American obstetrician and gynecologist

James Findley Nolan (September 5, 1915 – June 17, 1983) was an American obstetrician and gynecologist who was the head of the medical group at the Manhattan Project's Los Alamos Laboratory during World War II. In July 1945, he escorted highly enriched uranium components of the Little Boy atomic bomb used in the atomic bombing of Hiroshima from Los Alamos to Tinian in the Pacific.

==Early life==
James Findley Nolan was born in Chicago, Illinois, on September 5, 1915, the youngest of three sons of Joseph and Bernice Nolan. His older brothers later joined the military. He attended John Burroughs School in St. Louis, Missouri, where he met Ann Lawry, who became his wife in August 1936. He entered the University of Missouri, from which he graduated in 1935, and then the Washington University School of Medicine, which awarded him his Doctor of Medicine degree in 1938. His first child, James Lawry Nolan, was born that year.
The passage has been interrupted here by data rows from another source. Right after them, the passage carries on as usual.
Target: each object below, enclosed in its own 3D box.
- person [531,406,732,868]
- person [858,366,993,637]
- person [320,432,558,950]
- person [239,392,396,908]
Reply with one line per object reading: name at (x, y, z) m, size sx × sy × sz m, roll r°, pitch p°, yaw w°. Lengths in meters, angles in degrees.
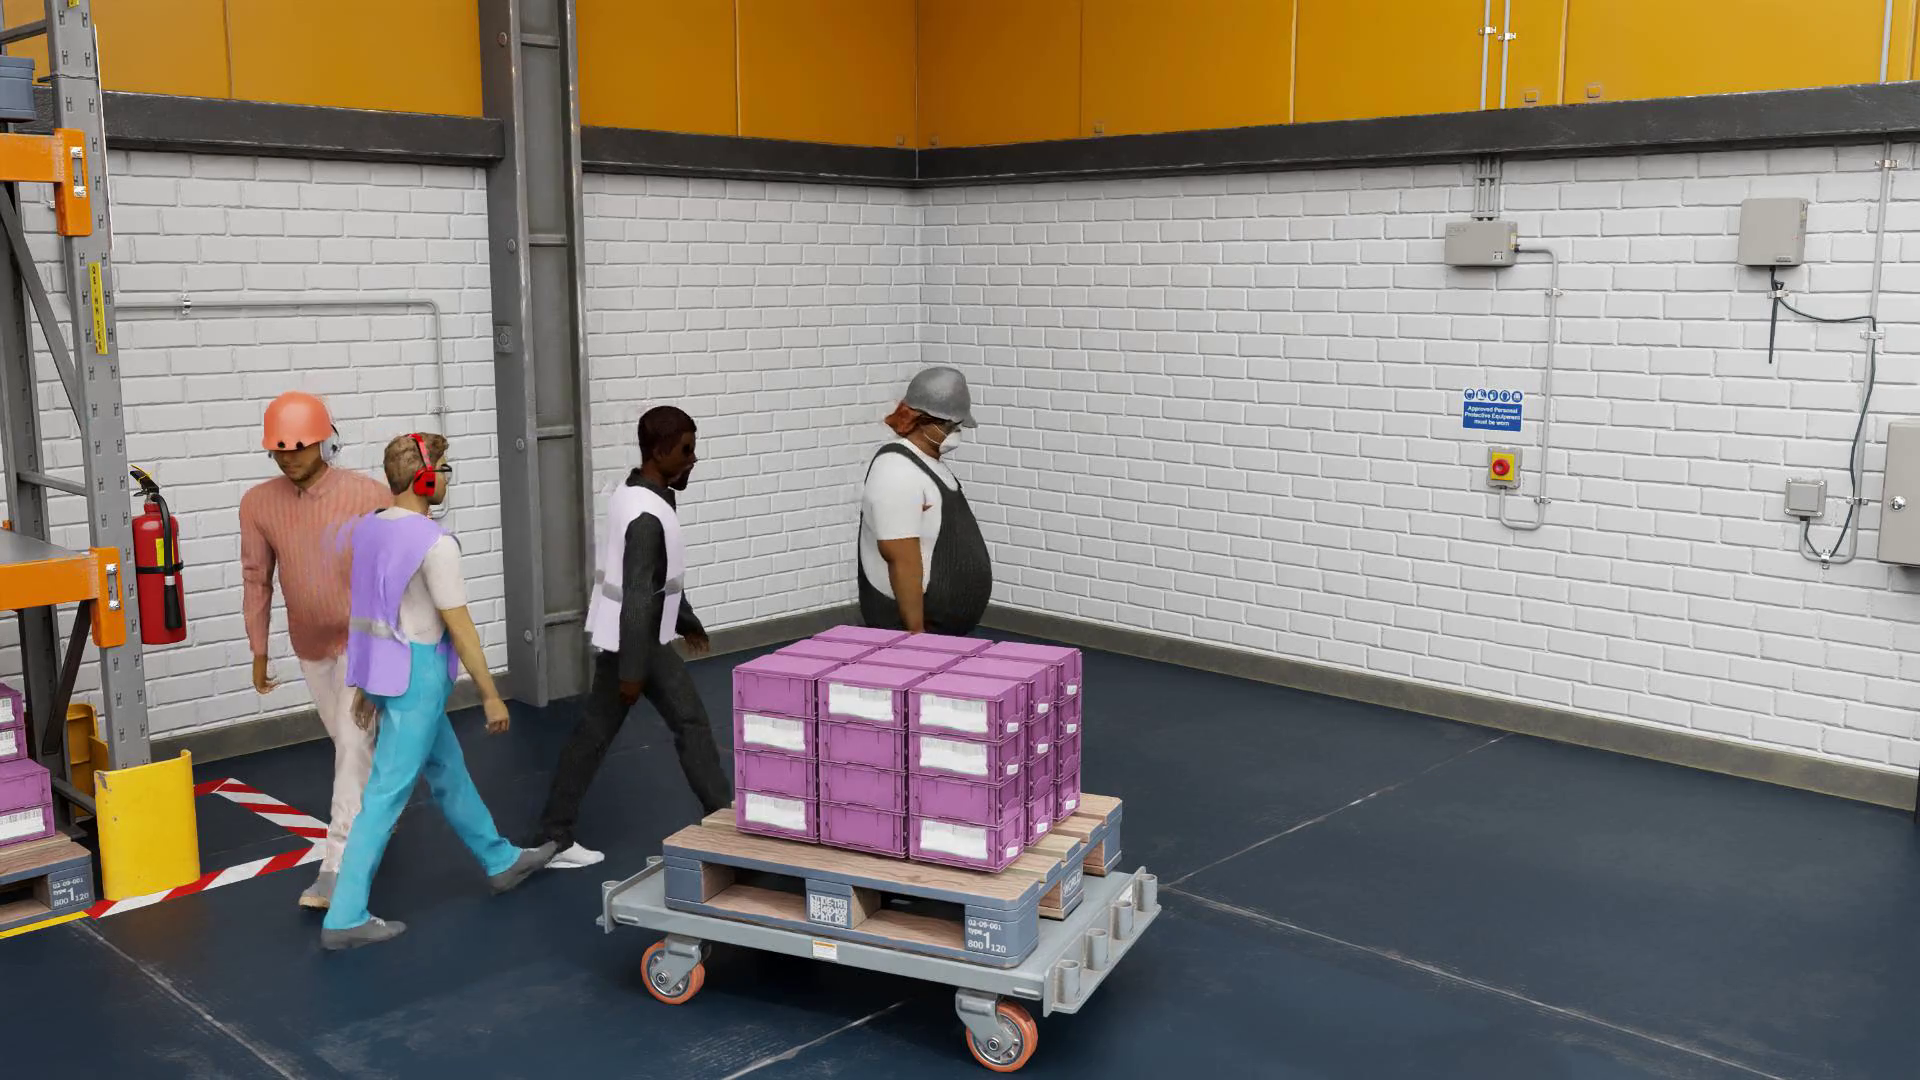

Nolan completed a one-year internship in surgery and three years of residency in obstetrics and gynecology in hospitals in the St. Louis region. In 1942 he became a fellow at the Memorial Sloan Kettering Cancer Center, where he studied the use of radiation therapy to combat gynecologic cancer. While there, he applied for a commission in the United States Army Medical Corps, the United States having belatedly become a belligerent in World War II.

==Manhattan Project==
===Recruitment===
In February 1943, Nolan received a phone call from Louis Hempelmann, a medical school classmate who had gone on to study radiology under Robert Stone at the University of California, Berkeley and had been tapped by Robert Oppenheimer, the director of the Los Alamos Laboratory (Project Y), to head the health group there. In turn, Hempelmann asked Nolan to take charge of the medical aspects of Project Y. He accepted a formal offer after meeting with Oppenheimer in Washington, D.C. Nolan and Hempelmann then set out for Los Alamos (Site Y) in March 1943. After a brief visit, they returned home to fetch their families, and established themselves at Los Alamos a few weeks later.

Nolan was commissioned as a first lieutenant in the Medical Corps in June 1943. As such, he was answerable to the post commander, who (in an exception to the normal chain of command) reported directly to Brigadier General Leslie R. Groves Jr., the director of the Manhattan Project. His military rank gave access to military supply channels and facilitated liaison between Los Alamos and the Army's Bruns General Hospital in Santa Fe, New Mexico, about 50 mi away. Hempelmann remained a civilian. The two men divided the work between them, with Hempelmann assuming responsibility for the health and safety of the Technical Area while Nolan took charge of the post hospital and handled other medical aspects. However, the division of labor was not definite, and Hempelmann sometimes assisted Nolan, especially in the early days when the laboratory was getting established.

===Hospital===
To staff his hospital, which was little more than a five-bed infirmary located on the opposite side of Ashley Pond from the Technical Area, Nolan recruited two pediatric nurses from St. Louis, Harriet Peterson and Sara Dawson. Henceforth, St. Louis was the main recruiting ground for the medical staff of the hospital. Another doctor, First Lieutenant Henry L. Barnett, a pediatrician, arrived in July 1943, and third nurse, Margaret Schoppe. The two doctors and three nurses comprised the original medical staff of the hospital for which full equipment did not arrive for several months. There was also a three-bed Army infirmary at Los Alamos under First Lieutenant J. J. Horowitz. Military cases severe enough to warrant hospitalisation were sent to Bruns. All residents of Los Alamos were provided with free health care and the hospital was expanded in 1944 as the population grew.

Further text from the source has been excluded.